What you should do -
Although the records contain pictures, repeat only the text of every line exactly.

** Opening Data supplied block **

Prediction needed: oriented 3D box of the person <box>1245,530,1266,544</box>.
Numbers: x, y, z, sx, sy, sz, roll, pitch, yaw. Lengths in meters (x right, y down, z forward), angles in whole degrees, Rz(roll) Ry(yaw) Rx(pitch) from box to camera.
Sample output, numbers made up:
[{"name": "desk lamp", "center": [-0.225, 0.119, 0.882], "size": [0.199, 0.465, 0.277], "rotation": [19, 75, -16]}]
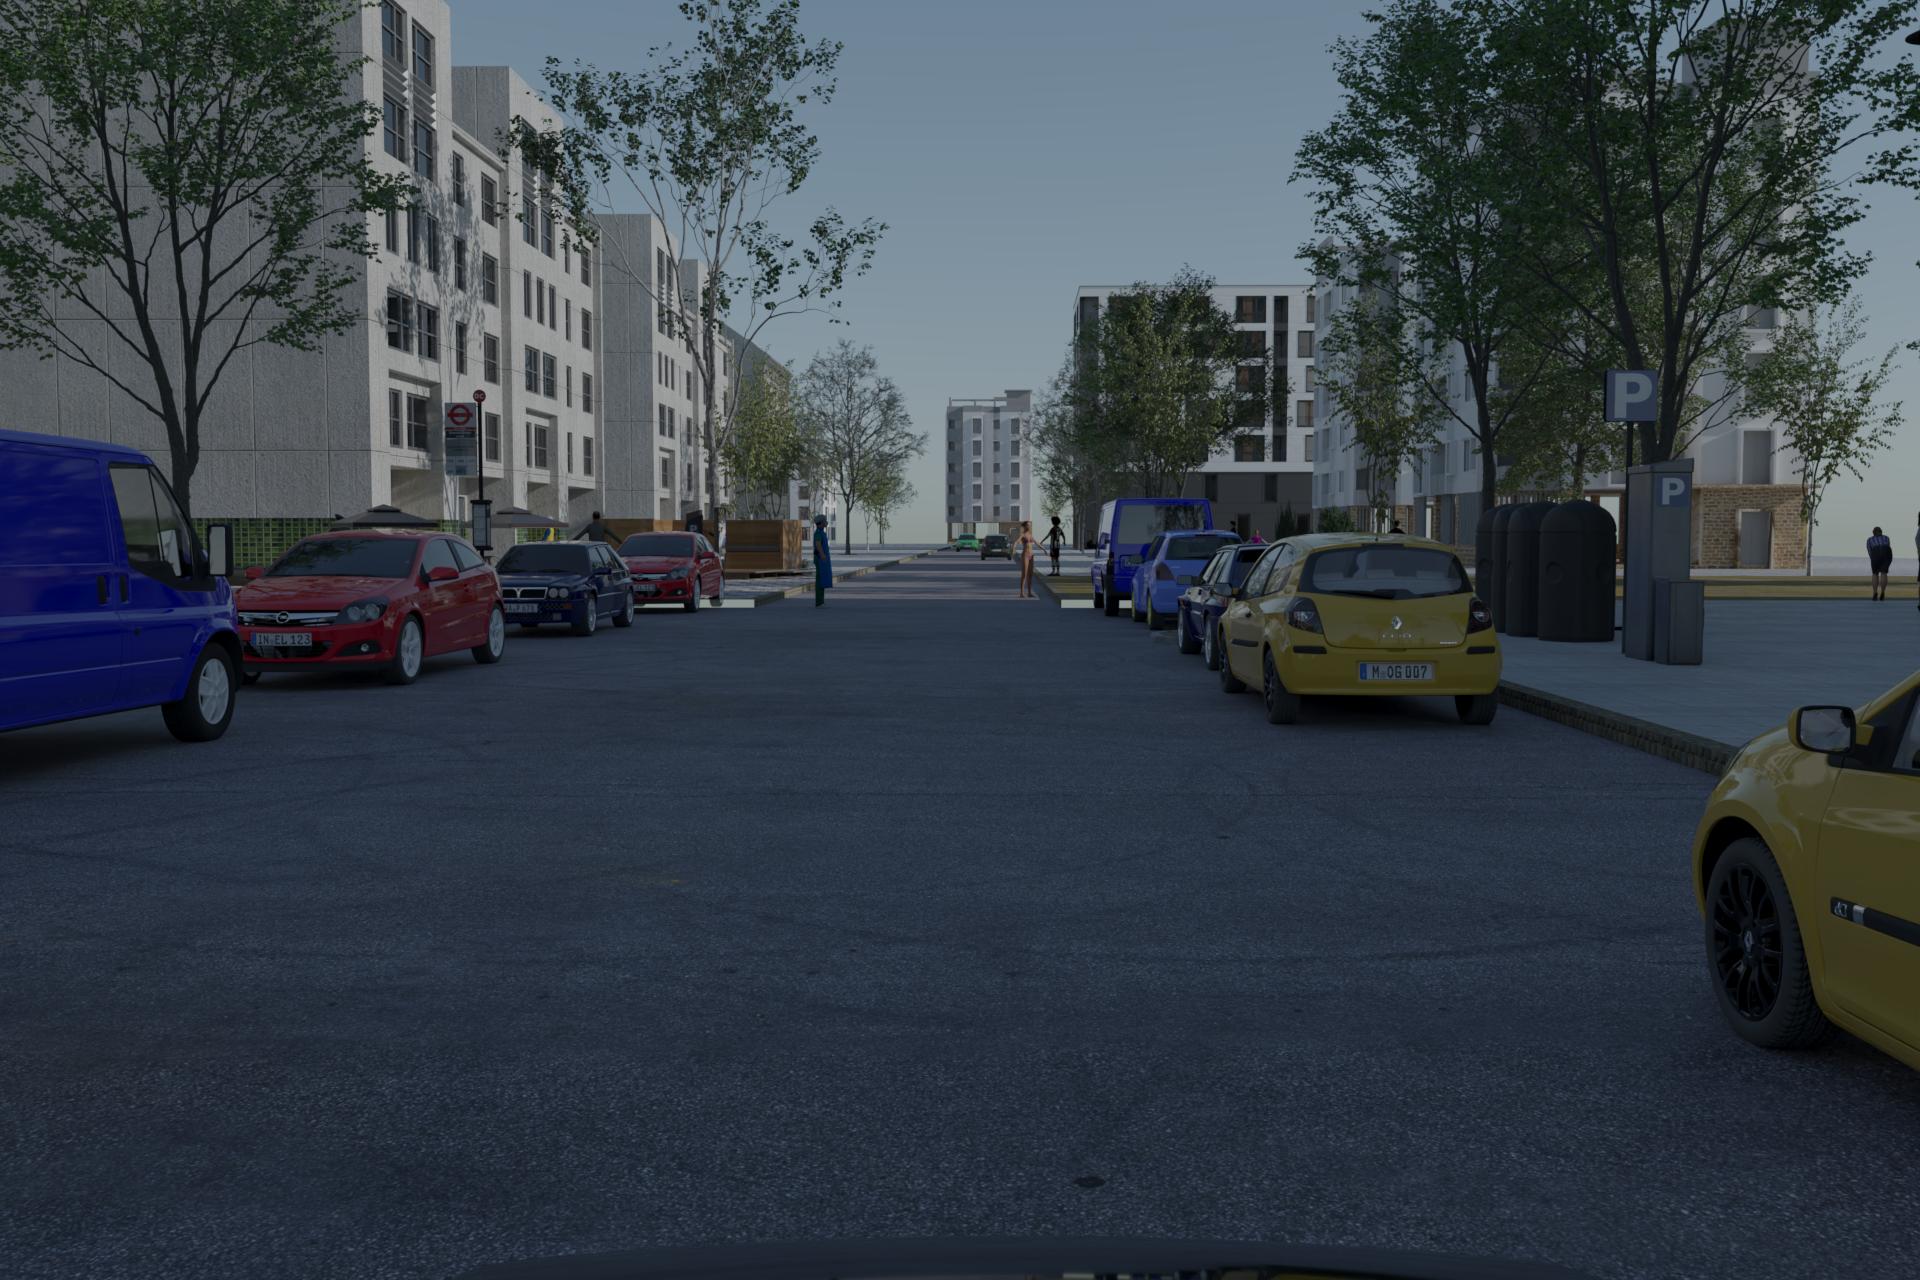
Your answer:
[{"name": "person", "center": [10.329, -3.130, 60.445], "size": [0.991, 1.433, 0.599], "rotation": [0, 4, 3]}]

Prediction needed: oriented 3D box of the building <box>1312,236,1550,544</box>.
[{"name": "building", "center": [27.967, -15.565, 110.915], "size": [16.016, 20.090, 11.380], "rotation": [0, 4, 1]}]

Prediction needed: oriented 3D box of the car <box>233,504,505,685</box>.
[{"name": "car", "center": [-6.061, -0.535, 17.789], "size": [2.155, 1.783, 4.494], "rotation": [0, 4, 2]}]

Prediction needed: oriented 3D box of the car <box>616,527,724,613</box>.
[{"name": "car", "center": [-5.636, -1.459, 32.896], "size": [2.155, 1.783, 4.494], "rotation": [0, 4, 1]}]

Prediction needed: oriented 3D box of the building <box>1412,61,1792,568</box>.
[{"name": "building", "center": [25.405, -13.425, 75.914], "size": [16.016, 20.090, 11.380], "rotation": [0, 4, 2]}]

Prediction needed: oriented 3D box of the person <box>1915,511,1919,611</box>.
[{"name": "person", "center": [16.104, -1.336, 28.668], "size": [1.217, 1.735, 0.721], "rotation": [-3, 5, -40]}]

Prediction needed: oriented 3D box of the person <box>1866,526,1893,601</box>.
[{"name": "person", "center": [17.654, -1.468, 33.281], "size": [0.421, 1.427, 0.697], "rotation": [1, 4, 17]}]

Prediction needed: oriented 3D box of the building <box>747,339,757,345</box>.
[{"name": "building", "center": [-25.282, -19.121, 169.050], "size": [16.016, 20.090, 11.380], "rotation": [0, 4, 1]}]

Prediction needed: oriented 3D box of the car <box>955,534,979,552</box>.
[{"name": "car", "center": [0.604, -7.969, 139.082], "size": [1.959, 1.807, 4.718], "rotation": [0, 4, 2]}]

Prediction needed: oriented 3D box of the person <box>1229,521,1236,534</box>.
[{"name": "person", "center": [10.776, -3.825, 68.725], "size": [0.705, 1.806, 1.347], "rotation": [0, 4, 7]}]

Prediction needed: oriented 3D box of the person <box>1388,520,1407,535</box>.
[{"name": "person", "center": [14.549, -3.111, 57.587], "size": [1.216, 1.740, 0.721], "rotation": [3, 4, 37]}]

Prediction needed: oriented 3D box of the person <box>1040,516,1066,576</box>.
[{"name": "person", "center": [2.879, -2.858, 52.874], "size": [0.704, 1.843, 1.345], "rotation": [3, 4, 38]}]

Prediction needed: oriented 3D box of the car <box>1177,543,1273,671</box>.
[{"name": "car", "center": [3.471, -0.424, 19.521], "size": [1.945, 1.354, 3.894], "rotation": [0, 4, 1]}]

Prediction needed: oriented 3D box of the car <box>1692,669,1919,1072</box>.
[{"name": "car", "center": [3.035, 0.401, 3.676], "size": [2.015, 1.641, 3.980], "rotation": [0, 4, 0]}]

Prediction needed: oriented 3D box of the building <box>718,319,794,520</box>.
[{"name": "building", "center": [-25.690, -19.896, 156.234], "size": [19.493, 23.208, 18.063], "rotation": [0, 4, 1]}]

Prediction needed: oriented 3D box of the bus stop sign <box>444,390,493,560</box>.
[{"name": "bus stop sign", "center": [-9.083, -2.652, 32.056], "size": [0.855, 3.939, 0.416], "rotation": [0, 4, 0]}]

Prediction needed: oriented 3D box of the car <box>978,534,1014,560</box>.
[{"name": "car", "center": [2.003, -5.247, 95.571], "size": [2.009, 1.686, 4.222], "rotation": [0, 4, 1]}]

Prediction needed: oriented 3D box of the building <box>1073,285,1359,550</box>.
[{"name": "building", "center": [24.216, -19.244, 158.611], "size": [27.936, 21.610, 32.646], "rotation": [0, 4, 2]}]

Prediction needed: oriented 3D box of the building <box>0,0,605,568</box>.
[{"name": "building", "center": [-25.363, -12.200, 65.935], "size": [16.747, 18.905, 31.486], "rotation": [0, 4, 1]}]

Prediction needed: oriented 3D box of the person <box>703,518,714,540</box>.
[{"name": "person", "center": [-6.517, -2.278, 43.386], "size": [1.346, 1.812, 0.704], "rotation": [-1, 4, -18]}]

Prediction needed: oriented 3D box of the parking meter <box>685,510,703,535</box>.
[{"name": "parking meter", "center": [-6.378, -2.190, 41.524], "size": [0.399, 1.863, 0.255], "rotation": [0, 4, 2]}]

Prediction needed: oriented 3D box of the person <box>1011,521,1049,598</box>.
[{"name": "person", "center": [1.561, -1.817, 38.972], "size": [1.217, 1.733, 0.721], "rotation": [-3, 5, -44]}]

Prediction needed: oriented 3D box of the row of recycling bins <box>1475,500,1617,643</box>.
[{"name": "row of recycling bins", "center": [7.397, -0.920, 22.147], "size": [1.069, 1.692, 3.534], "rotation": [0, 4, 1]}]

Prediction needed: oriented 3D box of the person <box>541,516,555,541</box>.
[{"name": "person", "center": [-11.194, -2.466, 46.784], "size": [0.721, 1.772, 1.216], "rotation": [0, 4, 1]}]

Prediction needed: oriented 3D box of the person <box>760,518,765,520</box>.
[{"name": "person", "center": [-7.000, -3.390, 61.289], "size": [1.347, 1.847, 0.705], "rotation": [2, 4, 32]}]

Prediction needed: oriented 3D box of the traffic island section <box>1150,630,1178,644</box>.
[{"name": "traffic island section", "center": [3.583, -0.027, 23.314], "size": [1.991, 0.108, 1.994], "rotation": [0, 4, 1]}]

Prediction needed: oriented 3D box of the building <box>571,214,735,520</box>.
[{"name": "building", "center": [-25.183, -15.005, 111.781], "size": [16.747, 18.905, 31.486], "rotation": [0, 4, 1]}]

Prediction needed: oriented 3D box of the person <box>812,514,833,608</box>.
[{"name": "person", "center": [-2.658, -1.526, 33.538], "size": [0.704, 1.817, 1.347], "rotation": [0, 4, -1]}]

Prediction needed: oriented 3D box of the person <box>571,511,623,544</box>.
[{"name": "person", "center": [-8.192, -2.005, 39.056], "size": [1.348, 1.796, 0.705], "rotation": [-1, 4, -13]}]

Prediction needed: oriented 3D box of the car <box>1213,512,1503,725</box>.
[{"name": "car", "center": [3.190, -0.259, 14.451], "size": [2.015, 1.641, 3.980], "rotation": [0, 4, 1]}]

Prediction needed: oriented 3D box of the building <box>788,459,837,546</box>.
[{"name": "building", "center": [-18.812, -15.902, 202.146], "size": [9.099, 9.664, 28.070], "rotation": [0, 4, 2]}]

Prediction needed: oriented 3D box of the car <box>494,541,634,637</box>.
[{"name": "car", "center": [-5.968, -0.787, 25.450], "size": [1.945, 1.354, 3.894], "rotation": [0, 4, 1]}]

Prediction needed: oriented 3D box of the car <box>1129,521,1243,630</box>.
[{"name": "car", "center": [3.645, -1.071, 27.102], "size": [1.945, 1.707, 3.694], "rotation": [0, 4, 0]}]

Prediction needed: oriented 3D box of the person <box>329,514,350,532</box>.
[{"name": "person", "center": [-17.195, -2.571, 47.966], "size": [0.705, 1.837, 1.347], "rotation": [3, 4, 37]}]

** Closing Data supplied block **

Your response -
Prediction needed: oriented 3D box of the person <box>1245,530,1266,544</box>.
Numbers: x, y, z, sx, sy, sz, roll, pitch, yaw. Lengths in meters (x right, y down, z forward), angles in whole degrees, Rz(roll) Ry(yaw) Rx(pitch) from box to camera.
Sample output, numbers made up:
[{"name": "desk lamp", "center": [-0.225, 0.119, 0.882], "size": [0.199, 0.465, 0.277], "rotation": [19, 75, -16]}]
Your answer:
[{"name": "person", "center": [10.329, -3.130, 60.445], "size": [0.991, 1.433, 0.599], "rotation": [0, 4, 3]}]

Prediction needed: oriented 3D box of the building <box>1312,236,1550,544</box>.
[{"name": "building", "center": [27.967, -15.565, 110.915], "size": [16.016, 20.090, 11.380], "rotation": [0, 4, 1]}]

Prediction needed: oriented 3D box of the car <box>233,504,505,685</box>.
[{"name": "car", "center": [-6.061, -0.535, 17.789], "size": [2.155, 1.783, 4.494], "rotation": [0, 4, 2]}]

Prediction needed: oriented 3D box of the car <box>616,527,724,613</box>.
[{"name": "car", "center": [-5.636, -1.459, 32.896], "size": [2.155, 1.783, 4.494], "rotation": [0, 4, 1]}]

Prediction needed: oriented 3D box of the building <box>1412,61,1792,568</box>.
[{"name": "building", "center": [25.405, -13.425, 75.914], "size": [16.016, 20.090, 11.380], "rotation": [0, 4, 2]}]

Prediction needed: oriented 3D box of the person <box>1915,511,1919,611</box>.
[{"name": "person", "center": [16.104, -1.336, 28.668], "size": [1.217, 1.735, 0.721], "rotation": [-3, 5, -40]}]

Prediction needed: oriented 3D box of the person <box>1866,526,1893,601</box>.
[{"name": "person", "center": [17.654, -1.468, 33.281], "size": [0.421, 1.427, 0.697], "rotation": [1, 4, 17]}]

Prediction needed: oriented 3D box of the building <box>747,339,757,345</box>.
[{"name": "building", "center": [-25.282, -19.121, 169.050], "size": [16.016, 20.090, 11.380], "rotation": [0, 4, 1]}]

Prediction needed: oriented 3D box of the car <box>955,534,979,552</box>.
[{"name": "car", "center": [0.604, -7.969, 139.082], "size": [1.959, 1.807, 4.718], "rotation": [0, 4, 2]}]

Prediction needed: oriented 3D box of the person <box>1229,521,1236,534</box>.
[{"name": "person", "center": [10.776, -3.825, 68.725], "size": [0.705, 1.806, 1.347], "rotation": [0, 4, 7]}]

Prediction needed: oriented 3D box of the person <box>1388,520,1407,535</box>.
[{"name": "person", "center": [14.549, -3.111, 57.587], "size": [1.216, 1.740, 0.721], "rotation": [3, 4, 37]}]

Prediction needed: oriented 3D box of the person <box>1040,516,1066,576</box>.
[{"name": "person", "center": [2.879, -2.858, 52.874], "size": [0.704, 1.843, 1.345], "rotation": [3, 4, 38]}]

Prediction needed: oriented 3D box of the car <box>1177,543,1273,671</box>.
[{"name": "car", "center": [3.471, -0.424, 19.521], "size": [1.945, 1.354, 3.894], "rotation": [0, 4, 1]}]

Prediction needed: oriented 3D box of the car <box>1692,669,1919,1072</box>.
[{"name": "car", "center": [3.035, 0.401, 3.676], "size": [2.015, 1.641, 3.980], "rotation": [0, 4, 0]}]

Prediction needed: oriented 3D box of the building <box>718,319,794,520</box>.
[{"name": "building", "center": [-25.690, -19.896, 156.234], "size": [19.493, 23.208, 18.063], "rotation": [0, 4, 1]}]

Prediction needed: oriented 3D box of the bus stop sign <box>444,390,493,560</box>.
[{"name": "bus stop sign", "center": [-9.083, -2.652, 32.056], "size": [0.855, 3.939, 0.416], "rotation": [0, 4, 0]}]

Prediction needed: oriented 3D box of the car <box>978,534,1014,560</box>.
[{"name": "car", "center": [2.003, -5.247, 95.571], "size": [2.009, 1.686, 4.222], "rotation": [0, 4, 1]}]

Prediction needed: oriented 3D box of the building <box>1073,285,1359,550</box>.
[{"name": "building", "center": [24.216, -19.244, 158.611], "size": [27.936, 21.610, 32.646], "rotation": [0, 4, 2]}]

Prediction needed: oriented 3D box of the building <box>0,0,605,568</box>.
[{"name": "building", "center": [-25.363, -12.200, 65.935], "size": [16.747, 18.905, 31.486], "rotation": [0, 4, 1]}]

Prediction needed: oriented 3D box of the person <box>703,518,714,540</box>.
[{"name": "person", "center": [-6.517, -2.278, 43.386], "size": [1.346, 1.812, 0.704], "rotation": [-1, 4, -18]}]

Prediction needed: oriented 3D box of the parking meter <box>685,510,703,535</box>.
[{"name": "parking meter", "center": [-6.378, -2.190, 41.524], "size": [0.399, 1.863, 0.255], "rotation": [0, 4, 2]}]

Prediction needed: oriented 3D box of the person <box>1011,521,1049,598</box>.
[{"name": "person", "center": [1.561, -1.817, 38.972], "size": [1.217, 1.733, 0.721], "rotation": [-3, 5, -44]}]

Prediction needed: oriented 3D box of the row of recycling bins <box>1475,500,1617,643</box>.
[{"name": "row of recycling bins", "center": [7.397, -0.920, 22.147], "size": [1.069, 1.692, 3.534], "rotation": [0, 4, 1]}]

Prediction needed: oriented 3D box of the person <box>541,516,555,541</box>.
[{"name": "person", "center": [-11.194, -2.466, 46.784], "size": [0.721, 1.772, 1.216], "rotation": [0, 4, 1]}]

Prediction needed: oriented 3D box of the person <box>760,518,765,520</box>.
[{"name": "person", "center": [-7.000, -3.390, 61.289], "size": [1.347, 1.847, 0.705], "rotation": [2, 4, 32]}]

Prediction needed: oriented 3D box of the traffic island section <box>1150,630,1178,644</box>.
[{"name": "traffic island section", "center": [3.583, -0.027, 23.314], "size": [1.991, 0.108, 1.994], "rotation": [0, 4, 1]}]

Prediction needed: oriented 3D box of the building <box>571,214,735,520</box>.
[{"name": "building", "center": [-25.183, -15.005, 111.781], "size": [16.747, 18.905, 31.486], "rotation": [0, 4, 1]}]

Prediction needed: oriented 3D box of the person <box>812,514,833,608</box>.
[{"name": "person", "center": [-2.658, -1.526, 33.538], "size": [0.704, 1.817, 1.347], "rotation": [0, 4, -1]}]

Prediction needed: oriented 3D box of the person <box>571,511,623,544</box>.
[{"name": "person", "center": [-8.192, -2.005, 39.056], "size": [1.348, 1.796, 0.705], "rotation": [-1, 4, -13]}]

Prediction needed: oriented 3D box of the car <box>1213,512,1503,725</box>.
[{"name": "car", "center": [3.190, -0.259, 14.451], "size": [2.015, 1.641, 3.980], "rotation": [0, 4, 1]}]

Prediction needed: oriented 3D box of the building <box>788,459,837,546</box>.
[{"name": "building", "center": [-18.812, -15.902, 202.146], "size": [9.099, 9.664, 28.070], "rotation": [0, 4, 2]}]

Prediction needed: oriented 3D box of the car <box>494,541,634,637</box>.
[{"name": "car", "center": [-5.968, -0.787, 25.450], "size": [1.945, 1.354, 3.894], "rotation": [0, 4, 1]}]

Prediction needed: oriented 3D box of the car <box>1129,521,1243,630</box>.
[{"name": "car", "center": [3.645, -1.071, 27.102], "size": [1.945, 1.707, 3.694], "rotation": [0, 4, 0]}]

Prediction needed: oriented 3D box of the person <box>329,514,350,532</box>.
[{"name": "person", "center": [-17.195, -2.571, 47.966], "size": [0.705, 1.837, 1.347], "rotation": [3, 4, 37]}]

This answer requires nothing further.